Work instruction –
Work out how many lines below hold the string "Continuous" and state only that figure.

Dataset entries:

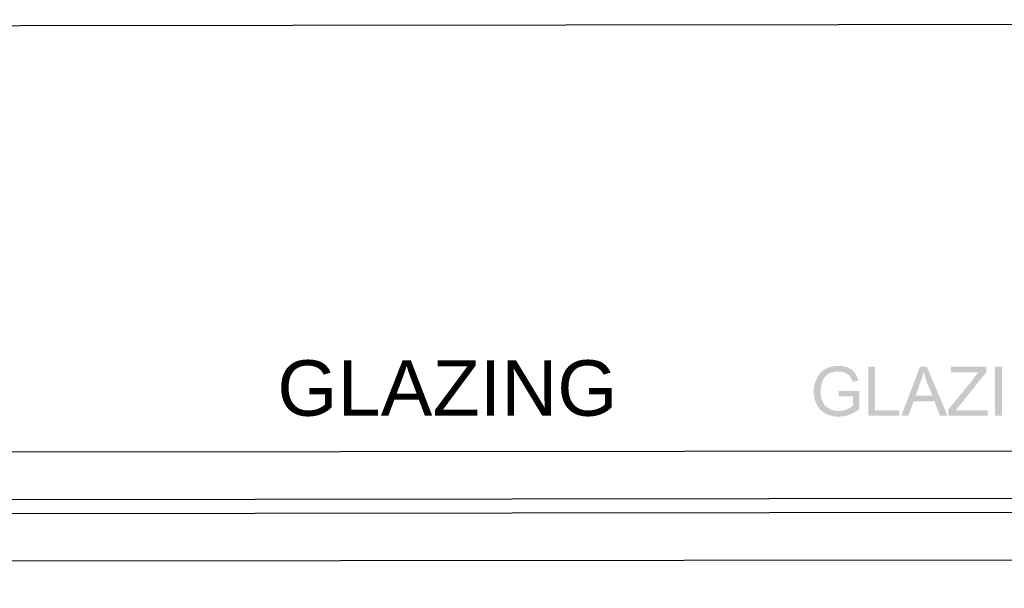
# Model space of a CAD drawing. Header units: millimetres. Extents: x 13115352 to 26511604, y 2875787 to 5794155.
# Tile 61 of 115: x 13132219 to 13134267, y 2896804 to 2897987. Entities that reach past the tile are written whole.
import ezdxf

# ---------------------------------------------------------------- set-up
doc = ezdxf.new("R2010")
doc.units = ezdxf.units.MM
doc.layers.get('0').update_dxf_attribs({"lineweight": 0})
doc.styles.add('Arial$001H0', font='arial.ttf')

msp = doc.modelspace()

# ---------------------------------------------------------------- hatches: boundary and pattern name
at = {"true_color": 0x545454}
for points in [[(13133922.1, 2897202.8), (13133922.1, 2897214.3), (13133965.1, 2897214.3), (13133965.1, 2897177), (13133963.7, 2897175.5), (13133962.2, 2897174.1), (13133960.8, 2897174.1), (13133960.8, 2897172.6), (13133959.4, 2897172.6), (13133957.9, 2897171.2), (13133956.5, 2897171.2), (13133955.1, 2897169.8), (13133953.6, 2897169.8), (13133952.2, 2897168.3), (13133950.8, 2897166.9), (13133949.3, 2897166.9), (13133947.9, 2897165.5), (13133946.5, 2897165.5), (13133945, 2897165.5), (13133945, 2897164), (13133943.6, 2897164), (13133942.2, 2897164), (13133940.7, 2897162.6), (13133939.3, 2897162.6), (13133937.8, 2897162.6), (13133936.4, 2897162.6), (13133935, 2897161.2), (13133933.5, 2897161.2), (13133932.1, 2897161.2), (13133930.7, 2897161.2), (13133929.2, 2897161.2), (13133927.8, 2897161.2), (13133926.4, 2897161.2), (13133924.9, 2897161.2), (13133923.5, 2897159.7), (13133922.1, 2897159.7), (13133920.6, 2897159.7), (13133919.2, 2897161.2), (13133917.8, 2897161.2), (13133916.3, 2897161.2), (13133914.9, 2897161.2), (13133913.5, 2897161.2), (13133912, 2897161.2), (13133910.6, 2897161.2), (13133909.1, 2897161.2), (13133909.1, 2897162.6), (13133907.7, 2897162.6), (13133906.3, 2897162.6), (13133904.8, 2897162.6), (13133903.4, 2897164), (13133902, 2897164), (13133900.5, 2897164), (13133899.1, 2897165.5), (13133897.7, 2897165.5), (13133896.2, 2897166.9), (13133894.8, 2897166.9), (13133893.4, 2897168.3), (13133891.9, 2897168.3), (13133890.5, 2897169.8), (13133889.1, 2897171.2), (13133887.6, 2897171.2), (13133887.6, 2897172.6), (13133886.2, 2897172.6), (13133884.8, 2897174.1), (13133884.8, 2897175.5), (13133883.3, 2897175.5), (13133881.9, 2897177), (13133881.9, 2897178.4), (13133880.4, 2897179.8), (13133879, 2897181.3), (13133879, 2897182.7), (13133877.6, 2897184.1), (13133877.6, 2897185.6), (13133876.1, 2897187), (13133876.1, 2897188.4), (13133874.7, 2897189.9), (13133874.7, 2897191.3), (13133873.3, 2897192.7), (13133873.3, 2897194.2), (13133873.3, 2897195.6), (13133871.8, 2897197), (13133871.8, 2897198.5), (13133871.8, 2897199.9), (13133871.8, 2897201.3), (13133871.8, 2897202.8), (13133871.8, 2897204.2), (13133870.4, 2897205.7), (13133870.4, 2897207.1), (13133870.4, 2897208.5), (13133870.4, 2897210), (13133870.4, 2897211.4), (13133870.4, 2897212.8), (13133870.4, 2897214.3), (13133870.4, 2897215.7), (13133870.4, 2897217.1), (13133870.4, 2897218.6), (13133870.4, 2897220), (13133871.8, 2897221.4), (13133871.8, 2897222.9), (13133871.8, 2897224.3), (13133871.8, 2897225.7), (13133871.8, 2897227.2), (13133871.8, 2897228.6), (13133873.3, 2897230), (13133873.3, 2897231.5), (13133873.3, 2897232.9), (13133874.7, 2897232.9), (13133874.7, 2897234.4), (13133874.7, 2897235.8), (13133876.1, 2897237.2), (13133876.1, 2897238.7), (13133876.1, 2897240.1), (13133877.6, 2897240.1), (13133877.6, 2897241.5), (13133877.6, 2897243), (13133879, 2897244.4), (13133880.4, 2897245.8), (13133880.4, 2897247.3), (13133881.9, 2897248.7), (13133883.3, 2897250.1), (13133883.3, 2897251.6), (13133884.8, 2897253), (13133886.2, 2897253), (13133886.2, 2897254.4), (13133887.6, 2897254.4), (13133889.1, 2897255.9), (13133890.5, 2897257.3), (13133891.9, 2897258.8), (13133893.4, 2897258.8), (13133894.8, 2897260.2), (13133896.2, 2897260.2), (13133897.7, 2897261.6), (13133899.1, 2897261.6), (13133900.5, 2897263.1), (13133902, 2897263.1), (13133903.4, 2897263.1), (13133904.8, 2897264.5), (13133906.3, 2897264.5), (13133907.7, 2897264.5), (13133909.1, 2897264.5), (13133910.6, 2897264.5), (13133912, 2897265.9), (13133913.5, 2897265.9), (13133914.9, 2897265.9), (13133916.3, 2897265.9), (13133917.8, 2897265.9), (13133919.2, 2897265.9), (13133920.6, 2897265.9), (13133922.1, 2897265.9), (13133923.5, 2897265.9), (13133924.9, 2897265.9), (13133926.4, 2897265.9), (13133927.8, 2897265.9), (13133929.2, 2897265.9), (13133930.7, 2897265.9), (13133932.1, 2897265.9), (13133933.5, 2897264.5), (13133935, 2897264.5), (13133936.4, 2897264.5), (13133937.8, 2897264.5), (13133939.3, 2897263.1), (13133940.7, 2897263.1), (13133942.2, 2897263.1), (13133943.6, 2897261.6), (13133945, 2897261.6), (13133946.5, 2897260.2), (13133947.9, 2897258.8), (13133949.3, 2897258.8), (13133950.8, 2897257.3), (13133952.2, 2897257.3), (13133952.2, 2897255.9), (13133953.6, 2897254.4), (13133955.1, 2897254.4), (13133955.1, 2897253), (13133956.5, 2897251.6), (13133956.5, 2897250.1), (13133957.9, 2897248.7), (13133959.4, 2897247.3), (13133959.4, 2897245.8), (13133960.8, 2897244.4), (13133960.8, 2897243), (13133960.8, 2897241.5), (13133962.2, 2897240.1), (13133962.2, 2897238.7), (13133962.2, 2897237.2), (13133963.7, 2897235.8), (13133950.8, 2897232.9), (13133950.8, 2897234.4), (13133950.8, 2897235.8), (13133949.3, 2897237.2), (13133949.3, 2897238.7), (13133947.9, 2897240.1), (13133947.9, 2897241.5), (13133946.5, 2897243), (13133946.5, 2897244.4), (13133945, 2897244.4), (13133945, 2897245.8), (13133943.6, 2897247.3), (13133942.2, 2897247.3), (13133942.2, 2897248.7), (13133940.7, 2897248.7), (13133939.3, 2897250.1), (13133937.8, 2897250.1), (13133936.4, 2897251.6), (13133935, 2897253), (13133933.5, 2897253), (13133932.1, 2897253), (13133930.7, 2897253), (13133929.2, 2897254.4), (13133927.8, 2897254.4), (13133926.4, 2897254.4), (13133924.9, 2897254.4), (13133923.5, 2897254.4), (13133922.1, 2897254.4), (13133920.6, 2897254.4), (13133919.2, 2897254.4), (13133917.8, 2897254.4), (13133916.3, 2897254.4), (13133914.9, 2897254.4), (13133913.5, 2897254.4), (13133912, 2897253), (13133910.6, 2897253), (13133909.1, 2897253), (13133907.7, 2897253), (13133906.3, 2897251.6), (13133904.8, 2897251.6), (13133903.4, 2897250.1), (13133902, 2897250.1), (13133900.5, 2897248.7), (13133899.1, 2897248.7), (13133897.7, 2897247.3), (13133897.7, 2897245.8), (13133896.2, 2897245.8), (13133894.8, 2897244.4), (13133893.4, 2897243), (13133893.4, 2897241.5), (13133891.9, 2897241.5), (13133891.9, 2897240.1), (13133890.5, 2897238.7), (13133890.5, 2897237.2), (13133889.1, 2897235.8), (13133889.1, 2897234.4), (13133887.6, 2897232.9), (13133887.6, 2897231.5), (13133887.6, 2897230), (13133886.2, 2897228.6), (13133886.2, 2897227.2), (13133886.2, 2897225.7), (13133886.2, 2897224.3), (13133884.8, 2897222.9), (13133884.8, 2897221.4), (13133884.8, 2897220), (13133884.8, 2897218.6), (13133884.8, 2897217.1), (13133884.8, 2897215.7), (13133884.8, 2897214.3), (13133884.8, 2897211.4), (13133884.8, 2897210), (13133884.8, 2897208.5), (13133884.8, 2897207.1), (13133884.8, 2897205.7), (13133884.8, 2897204.2), (13133884.8, 2897202.8), (13133886.2, 2897201.3), (13133886.2, 2897199.9), (13133886.2, 2897198.5), (13133886.2, 2897197), (13133887.6, 2897195.6), (13133887.6, 2897194.2), (13133889.1, 2897192.7), (13133889.1, 2897191.3), (13133890.5, 2897189.9), (13133890.5, 2897188.4), (13133891.9, 2897187), (13133891.9, 2897185.6), (13133893.4, 2897184.1), (13133894.8, 2897182.7), (13133896.2, 2897181.3), (13133897.7, 2897181.3), (13133897.7, 2897179.8), (13133899.1, 2897179.8), (13133900.5, 2897178.4), (13133902, 2897178.4), (13133903.4, 2897177), (13133904.8, 2897177), (13133904.8, 2897175.5), (13133906.3, 2897175.5), (13133907.7, 2897175.5), (13133909.1, 2897174.1), (13133910.6, 2897174.1), (13133912, 2897174.1), (13133913.5, 2897174.1), (13133914.9, 2897172.6), (13133916.3, 2897172.6), (13133917.8, 2897172.6), (13133919.2, 2897172.6), (13133920.6, 2897172.6), (13133922.1, 2897172.6), (13133923.5, 2897172.6), (13133924.9, 2897172.6), (13133926.4, 2897172.6), (13133927.8, 2897172.6), (13133929.2, 2897172.6), (13133930.7, 2897174.1), (13133932.1, 2897174.1), (13133933.5, 2897174.1), (13133935, 2897174.1), (13133936.4, 2897175.5), (13133937.8, 2897175.5), (13133939.3, 2897175.5), (13133940.7, 2897177), (13133942.2, 2897177), (13133943.6, 2897178.4), (13133945, 2897178.4), (13133946.5, 2897179.8), (13133947.9, 2897179.8), (13133947.9, 2897181.3), (13133949.3, 2897181.3), (13133950.8, 2897182.7), (13133952.2, 2897182.7), (13133952.2, 2897202.8)], [(13133983.8, 2897162.6), (13133983.8, 2897264.5), (13133998.1, 2897264.5), (13133998.1, 2897174.1), (13134048.4, 2897174.1), (13134048.4, 2897162.6)], [(13134150.2, 2897162.6), (13134150.2, 2897175.5), (13134203.3, 2897240.1), (13134203.3, 2897241.5), (13134204.8, 2897243), (13134206.2, 2897244.4), (13134206.2, 2897245.8), (13134207.6, 2897245.8), (13134209.1, 2897247.3), (13134209.1, 2897248.7), (13134210.5, 2897250.1), (13134212, 2897250.1), (13134212, 2897251.6), (13134213.4, 2897253), (13134156, 2897253), (13134156, 2897264.5), (13134229.2, 2897264.5), (13134229.2, 2897253), (13134171.8, 2897181.3), (13134166, 2897174.1), (13134232, 2897174.1), (13134232, 2897162.6)], [(13134247.8, 2897162.6), (13134247.8, 2897264.5), (13134262.2, 2897264.5), (13134262.2, 2897162.6)]]:
    msp.add_hatch(color=251, dxfattribs=at).paths.add_polyline_path(points)
h = msp.add_hatch(color=251, dxfattribs=at)
h.paths.add_polyline_path([(13134052.7, 2897162.6), (13134091.4, 2897264.5), (13134105.8, 2897264.5), (13134148.8, 2897162.6), (13134133, 2897162.6), (13134121.5, 2897192.7), (13134078.5, 2897192.7), (13134067, 2897162.6)])
h.paths.add_polyline_path([(13134082.8, 2897204.2), (13134117.2, 2897204.2), (13134105.8, 2897232.9), (13134105.8, 2897234.4), (13134104.3, 2897235.8), (13134104.3, 2897237.2), (13134104.3, 2897238.7), (13134102.9, 2897240.1), (13134102.9, 2897241.5), (13134102.9, 2897243), (13134101.5, 2897244.4), (13134101.5, 2897245.8), (13134101.5, 2897247.3), (13134100, 2897248.7), (13134100, 2897250.1), (13134100, 2897251.6), (13134098.6, 2897253), (13134098.6, 2897254.4), (13134098.6, 2897253), (13134098.6, 2897251.6), (13134098.6, 2897250.1), (13134097.1, 2897248.7), (13134097.1, 2897247.3), (13134097.1, 2897245.8), (13134097.1, 2897244.4), (13134095.7, 2897243), (13134095.7, 2897241.5), (13134095.7, 2897240.1), (13134094.3, 2897238.7), (13134094.3, 2897237.2), (13134094.3, 2897235.8), (13134092.8, 2897234.4)])

# ---------------------------------------------------------------- linework, layer by layer
at = {"color": 7, "linetype": 'Continuous', "lineweight": 30}
for p, q in [((13130462.9, 2897085.1), (13141053.8, 2897098)), ((13130462.9, 2896858.4), (13141053.8, 2896871.3))]:
    msp.add_line(p, q, dxfattribs=at)
at = {"color": 140, "linetype": 'Continuous', "lineweight": 25}
for p, q in [((13130462.9, 2896986.1), (13141053.8, 2896999)), ((13130462.9, 2896957.4), (13141053.8, 2896970.3))]:
    msp.add_line(p, q, dxfattribs=at)
at = {"color": 7, "linetype": 'Continuous', "lineweight": 25}
msp.add_lwpolyline([(13118603.2, 2897958.1), (13141864.7, 2897986.8), (13141864.7, 2878414.9), (13118603.2, 2878386.2)], close=True, dxfattribs=at)

# ---------------------------------------------------------------- texts
at = {"color": 7, "style": 'Arial$001H0'}
msp.add_text('GLAZING', height=115.4, dxfattribs=at).set_placement((13132754.7, 2897162.6))

doc.saveas('drawing.dxf')

Solved exercise –
3